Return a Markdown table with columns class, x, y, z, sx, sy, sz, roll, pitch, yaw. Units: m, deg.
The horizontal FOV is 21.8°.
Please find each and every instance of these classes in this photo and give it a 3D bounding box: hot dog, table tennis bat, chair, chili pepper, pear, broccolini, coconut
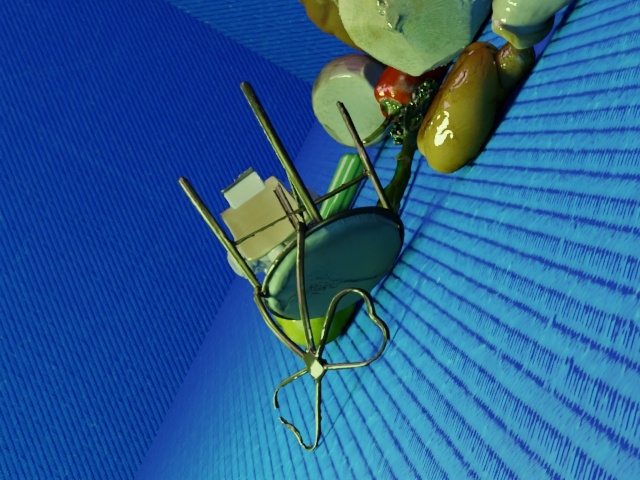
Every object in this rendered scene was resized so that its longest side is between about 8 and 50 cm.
| class | x | y | z | sx | sy | sz | roll | pitch | yaw |
| --- | --- | --- | --- | --- | --- | --- | --- | --- | --- |
| hot dog | 0.132 | -0.121 | 1.431 | 0.090 | 0.060 | 0.140 | -84 | 16 | -68 |
| table tennis bat | 0.000 | 0.000 | 2.222 | 0.160 | 0.039 | 0.257 | 124 | 170 | -78 |
| chair | 0.003 | 0.021 | 1.503 | 0.160 | 0.170 | 0.326 | -53 | 51 | 30 |
| chili pepper | 0.126 | -0.218 | 2.027 | 0.272 | 0.071 | 0.063 | -57 | -36 | -19 |
| pear | -0.006 | 0.057 | 1.638 | 0.097 | 0.092 | 0.092 | -59 | 5 | 26 |
| broccolini | 0.083 | -0.094 | 1.800 | 0.254 | 0.057 | 0.071 | -62 | -39 | -53 |
| coconut | 0.109 | -0.284 | 1.915 | 0.194 | 0.194 | 0.194 | -60 | 5 | 8 |

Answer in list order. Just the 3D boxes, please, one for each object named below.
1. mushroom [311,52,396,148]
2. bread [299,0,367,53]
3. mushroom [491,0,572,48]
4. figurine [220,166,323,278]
| class | x | y | z | sx | sy | sz | roll | pitch | yaw |
| --- | --- | --- | --- | --- | --- | --- | --- | --- | --- |
| mushroom | 0.051 | -0.192 | 2.281 | 0.128 | 0.128 | 0.350 | -60 | 3 | 3 |
| bread | 0.096 | -0.376 | 2.146 | 0.270 | 0.270 | 0.148 | -58 | 4 | 24 |
| mushroom | 0.226 | -0.306 | 1.299 | 0.351 | 0.097 | 0.109 | -61 | 6 | 25 |
| figurine | -0.060 | -0.012 | 2.335 | 0.162 | 0.141 | 0.237 | -39 | -13 | -3 |
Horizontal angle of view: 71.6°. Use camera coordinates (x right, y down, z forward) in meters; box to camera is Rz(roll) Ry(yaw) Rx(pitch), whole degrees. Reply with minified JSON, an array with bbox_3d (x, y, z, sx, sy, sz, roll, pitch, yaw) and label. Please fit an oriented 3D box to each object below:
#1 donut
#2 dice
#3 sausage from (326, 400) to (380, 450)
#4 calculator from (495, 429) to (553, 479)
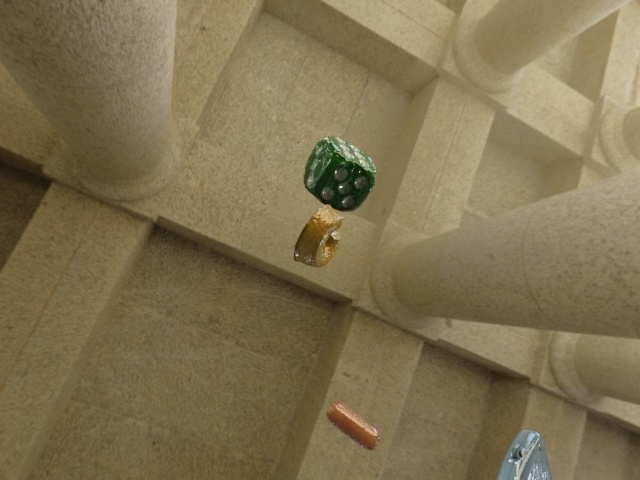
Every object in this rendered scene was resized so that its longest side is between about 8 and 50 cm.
[{"bbox_3d":[0.000,0.000,0.697,0.043,0.108,0.097,31,-114,19],"label":"donut"},{"bbox_3d":[0.043,-0.150,0.994,0.131,0.128,0.120,21,-61,-24],"label":"dice"},{"bbox_3d":[0.047,0.263,0.631,0.083,0.034,0.034,33,-109,19],"label":"sausage"},{"bbox_3d":[0.292,0.365,0.618,0.121,0.039,0.210,-37,-65,-41],"label":"calculator"}]
* * *
# TO DO:
Count up the lines in the records that contain the word "from" and reply with that figure only.

# FINISHED TASK:
2